• Task directions
Report every line of the records that includes the word "Numbers".
----
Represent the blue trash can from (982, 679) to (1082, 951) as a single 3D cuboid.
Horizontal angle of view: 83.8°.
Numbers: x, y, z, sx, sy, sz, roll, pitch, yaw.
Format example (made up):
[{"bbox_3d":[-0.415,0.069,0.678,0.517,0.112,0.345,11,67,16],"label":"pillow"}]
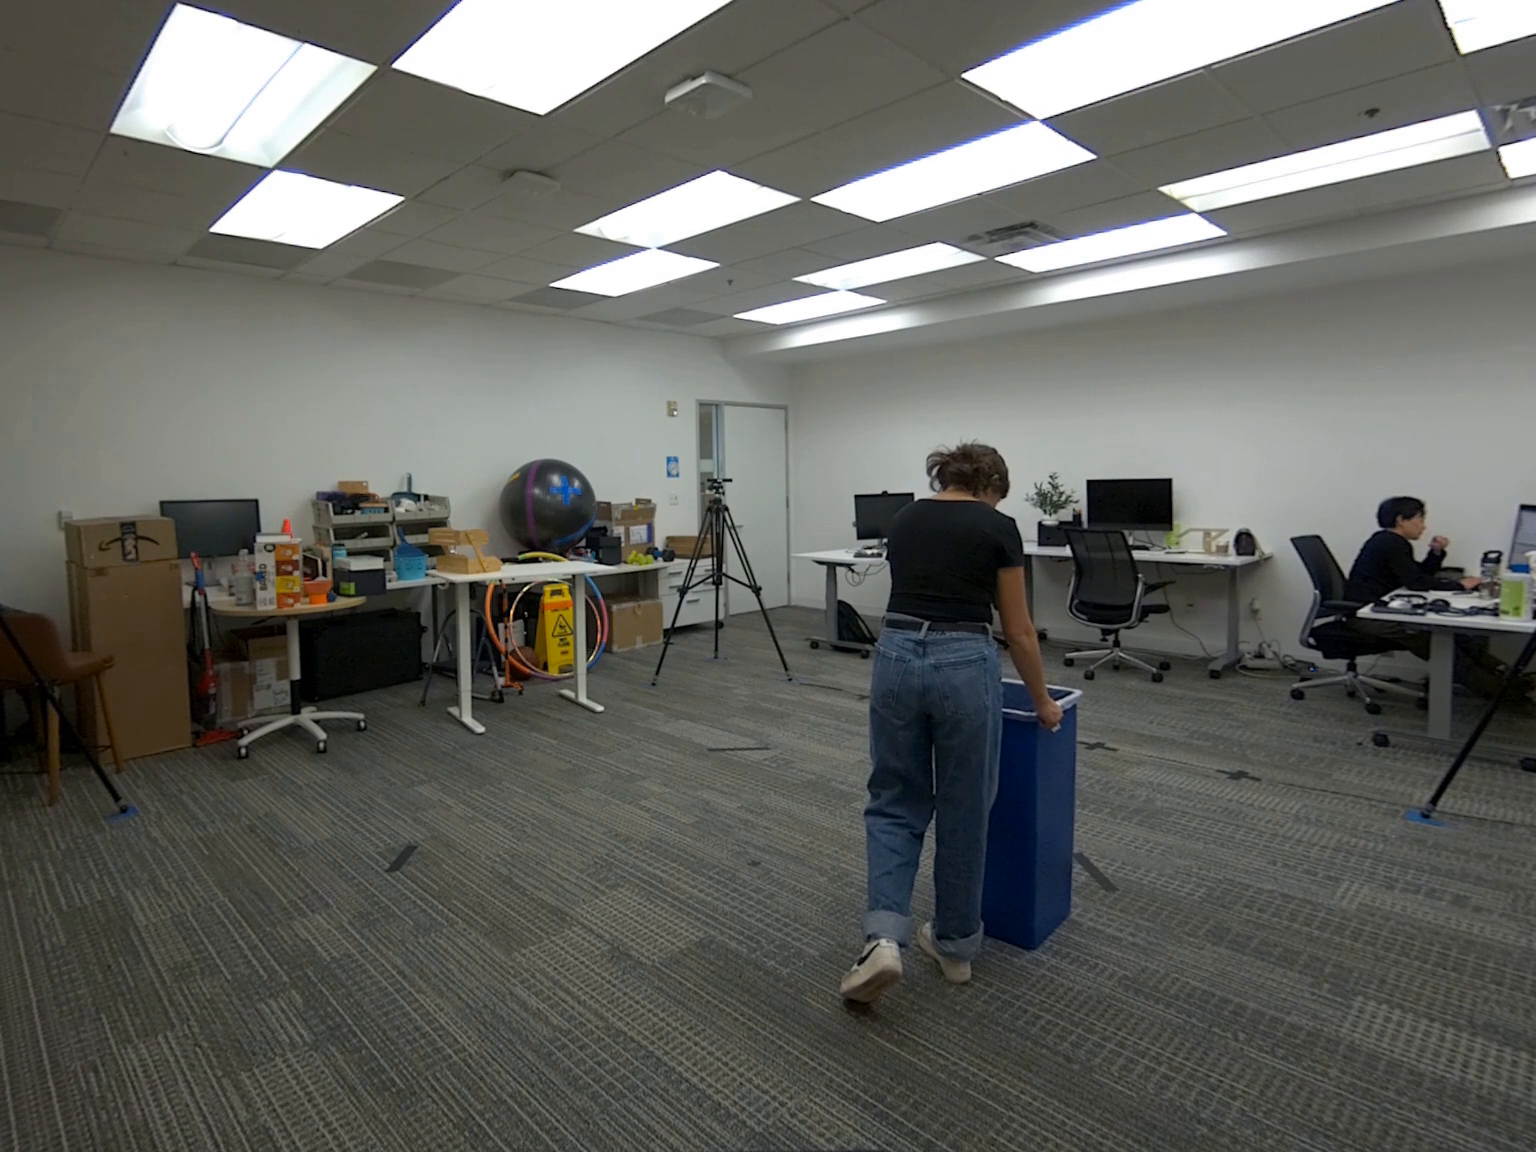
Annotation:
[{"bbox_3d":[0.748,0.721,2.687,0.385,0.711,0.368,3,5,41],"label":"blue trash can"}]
----
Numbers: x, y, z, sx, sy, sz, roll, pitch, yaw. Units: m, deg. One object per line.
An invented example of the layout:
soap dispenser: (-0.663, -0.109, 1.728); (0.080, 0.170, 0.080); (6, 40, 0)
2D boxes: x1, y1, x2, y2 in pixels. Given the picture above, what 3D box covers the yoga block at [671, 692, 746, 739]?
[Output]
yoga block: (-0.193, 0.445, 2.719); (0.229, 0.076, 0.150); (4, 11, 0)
----
• Task response
Numbers: x, y, z, sx, sy, sz, roll, pitch, yaw.
Numbers: x, y, z, sx, sy, sz, roll, pitch, yaw. Units: m, deg. One object per line.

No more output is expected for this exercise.